Merda, meu sangue desceu todo da cabeça de uma só vez. Quase desmaiei e não tinha ideia do que dizer. A Maluca sabia de toda a trama da noite passada e havia bolado aquela mentirada só pra ficar sozinha comigo! Ela ia aprontar outra vez e eu provavelmente estava fodido!
– Não disfarça não, safado! Faço uma loucura por você, fico pelada na sua frente, me masturbo, até gozo na sua cara, daí fico esperando o senhor voltar aqui pra terminar o serviço e em vez disso você vai tentar comer outras garotas? Canalha!
– Como é que é? Olha só, você não gozou em mim… você mijou em mim, porra!
– Eu? Mijo uma ova, garoto, aquilo era gozo! Fiquei tão excitada em me masturbar com você ajoelhado na minha frente e meu gozo foi tão intenso que tive um squirt!
– Squirt? Tipo assim, quando vocês esguicham pela xoxota? Não sei não, aquilo bem cheirava a mijada…
– Afe, isso é que dá se meter com moleques, vocês não sabem nada!
– Porra, desculpa aí, mas que parecia mijo, parecia muito.

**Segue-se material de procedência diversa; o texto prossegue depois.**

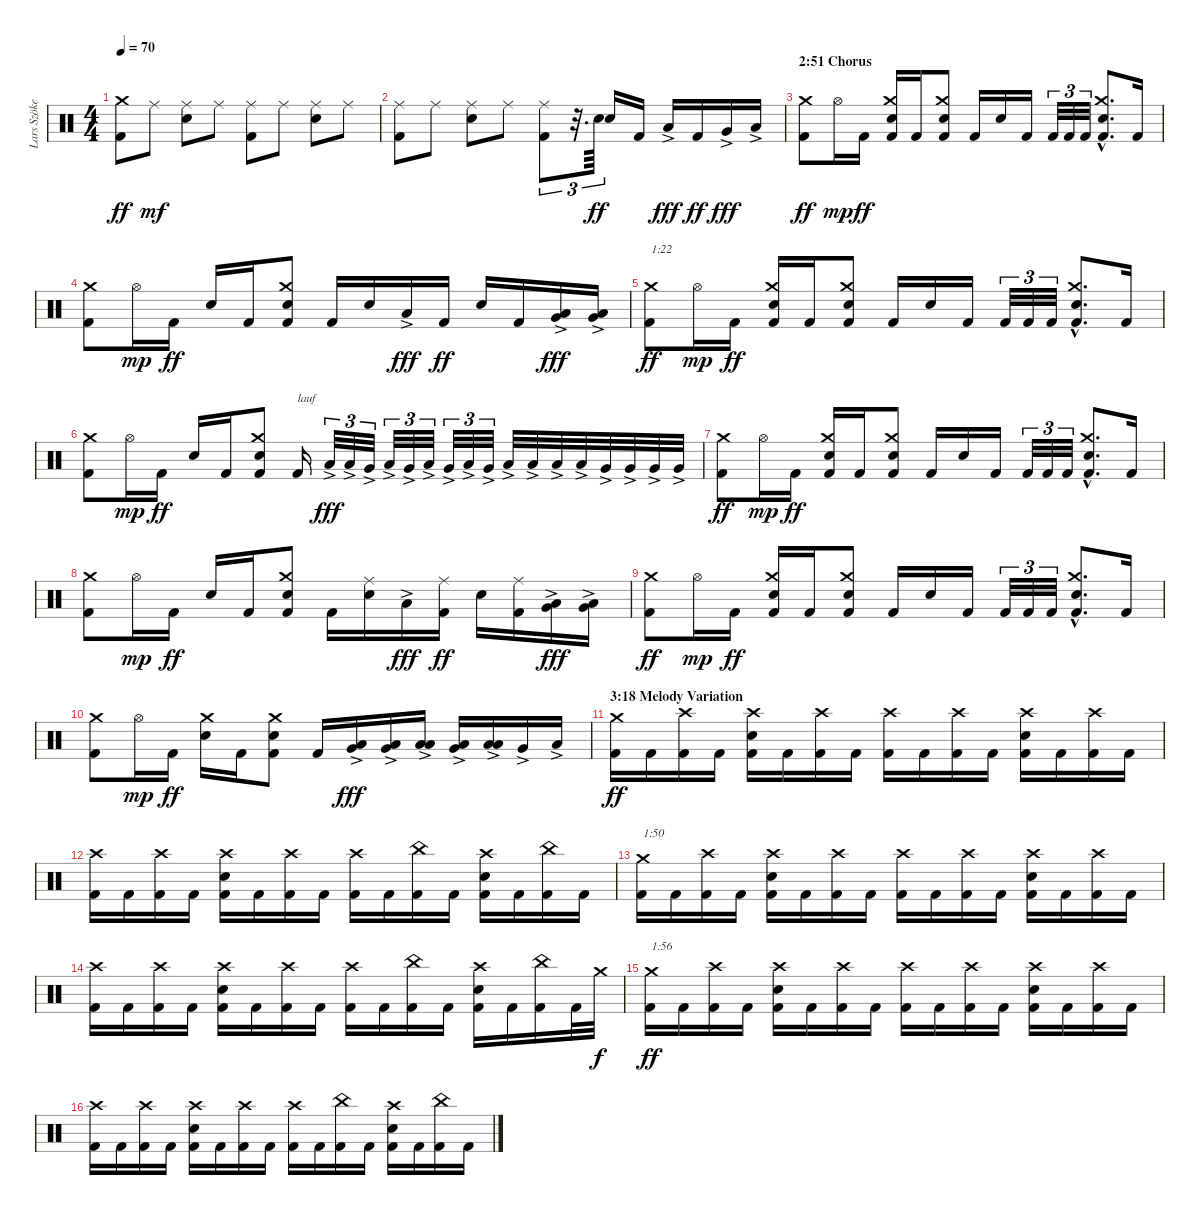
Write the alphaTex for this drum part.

– Olha só, vamos esquecer esta história, nem vou mais reclamar sobre você no quarto da irmã do Perigo ontem à noite, tá legal? Nós estamos aqui, sozinhos, agora. Então, o que você vai fazer? Vai amarelar ou vai me comer todinha?
Essa era uma excelente pergunta. O que eu iria fazer? Ia arriscar cair em outra cilada comendo a feia gostosa? Mas e se ela estivesse falando a verdade, e realmente quisesse foder gostosinho? A Maluca era feia, mas era suculenta pra caraco, tenho que reconhecer.
Pensando bem, um esquenta com a irmã do Maluco até podia servir para sair de minha indecisão. Talvez, se finalmente conseguisse comer uma boceta, me sentiria mais saciado e não tivesse se que jurar à prima do Atentado, aquela loira tesuda, que desistiria de vez da minha musa, a outra loira tesuda original, só para que ela aceitasse dar para mim!
Sim, o momento era aquele, era agora ou nunca, ou vai ou racha, e eu precisava tomar muitas decisões. Mas isso já é uma outra história e, como prometi, a de hoje era só uma rapidinha.